# Prompt
Output the records precisely as they stand. Pictures are to be skipped.

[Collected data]
==============================
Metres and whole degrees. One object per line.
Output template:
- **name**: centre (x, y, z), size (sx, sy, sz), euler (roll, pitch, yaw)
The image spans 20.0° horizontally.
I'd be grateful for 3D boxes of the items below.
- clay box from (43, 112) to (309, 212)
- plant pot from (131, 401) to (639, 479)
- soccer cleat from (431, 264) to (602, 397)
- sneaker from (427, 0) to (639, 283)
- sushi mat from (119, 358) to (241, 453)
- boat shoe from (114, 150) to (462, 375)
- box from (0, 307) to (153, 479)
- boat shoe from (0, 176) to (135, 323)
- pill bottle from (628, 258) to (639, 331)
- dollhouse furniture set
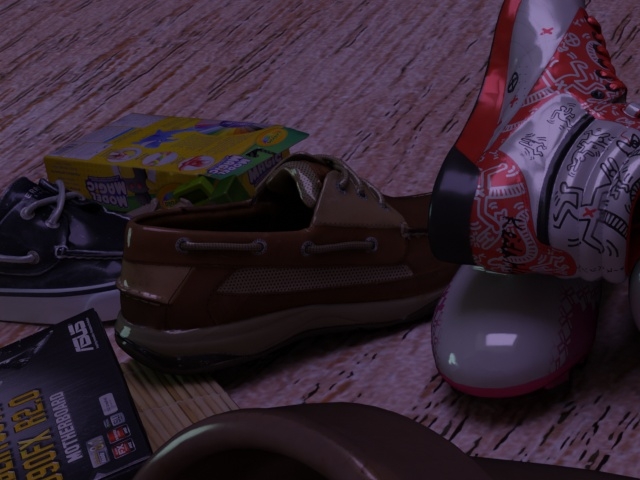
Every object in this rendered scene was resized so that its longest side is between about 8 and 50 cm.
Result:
- **clay box**: centre (-0.127, -0.067, 1.649), size (0.222, 0.053, 0.127), euler (9, 28, 37)
- **plant pot**: centre (0.070, 0.184, 0.715), size (0.229, 0.263, 0.263), euler (-4, 14, -37)
- **soccer cleat**: centre (0.148, -0.011, 1.264), size (0.116, 0.143, 0.331), euler (-1, 23, 22)
- **sneaker**: centre (0.178, -0.084, 1.198), size (0.145, 0.090, 0.270), euler (10, 54, 19)
- **sushi mat**: centre (-0.106, 0.145, 1.151), size (0.151, 0.019, 0.316), euler (-18, 22, -16)
- **boat shoe**: centre (0.000, 0.000, 1.315), size (0.324, 0.120, 0.122), euler (-16, 22, -31)
- **box**: centre (-0.197, 0.139, 1.113), size (0.183, 0.056, 0.231), euler (-22, 24, -6)
- **boat shoe**: centre (-0.224, 0.000, 1.453), size (0.301, 0.102, 0.108), euler (0, 23, 24)
- **pill bottle**: centre (0.251, 0.024, 1.197), size (0.094, 0.094, 0.169), euler (-5, 22, 12)
- **dollhouse furniture set**: centre (-0.121, -0.003, 1.525), size (0.151, 0.058, 0.076), euler (-22, 23, 25)
==============================
# Result for this exercise
Metres and whole degrees. One object per line.
Output template:
- **name**: centre (x, y, z), size (sx, sy, sz), euler (roll, pitch, yaw)
The image spans 20.0° horizontally.
I'd be grateful for 3D boxes of the items below.
- clay box from (43, 112) to (309, 212)
- plant pot from (131, 401) to (639, 479)
- soccer cleat from (431, 264) to (602, 397)
- sneaker from (427, 0) to (639, 283)
- sushi mat from (119, 358) to (241, 453)
- boat shoe from (114, 150) to (462, 375)
- box from (0, 307) to (153, 479)
- boat shoe from (0, 176) to (135, 323)
- pill bottle from (628, 258) to (639, 331)
- dollhouse furniture set
Every object in this rendered scene was resized so that its longest side is between about 8 and 50 cm.
Result:
- **clay box**: centre (-0.127, -0.067, 1.649), size (0.222, 0.053, 0.127), euler (9, 28, 37)
- **plant pot**: centre (0.070, 0.184, 0.715), size (0.229, 0.263, 0.263), euler (-4, 14, -37)
- **soccer cleat**: centre (0.148, -0.011, 1.264), size (0.116, 0.143, 0.331), euler (-1, 23, 22)
- **sneaker**: centre (0.178, -0.084, 1.198), size (0.145, 0.090, 0.270), euler (10, 54, 19)
- **sushi mat**: centre (-0.106, 0.145, 1.151), size (0.151, 0.019, 0.316), euler (-18, 22, -16)
- **boat shoe**: centre (0.000, 0.000, 1.315), size (0.324, 0.120, 0.122), euler (-16, 22, -31)
- **box**: centre (-0.197, 0.139, 1.113), size (0.183, 0.056, 0.231), euler (-22, 24, -6)
- **boat shoe**: centre (-0.224, 0.000, 1.453), size (0.301, 0.102, 0.108), euler (0, 23, 24)
- **pill bottle**: centre (0.251, 0.024, 1.197), size (0.094, 0.094, 0.169), euler (-5, 22, 12)
- **dollhouse furniture set**: centre (-0.121, -0.003, 1.525), size (0.151, 0.058, 0.076), euler (-22, 23, 25)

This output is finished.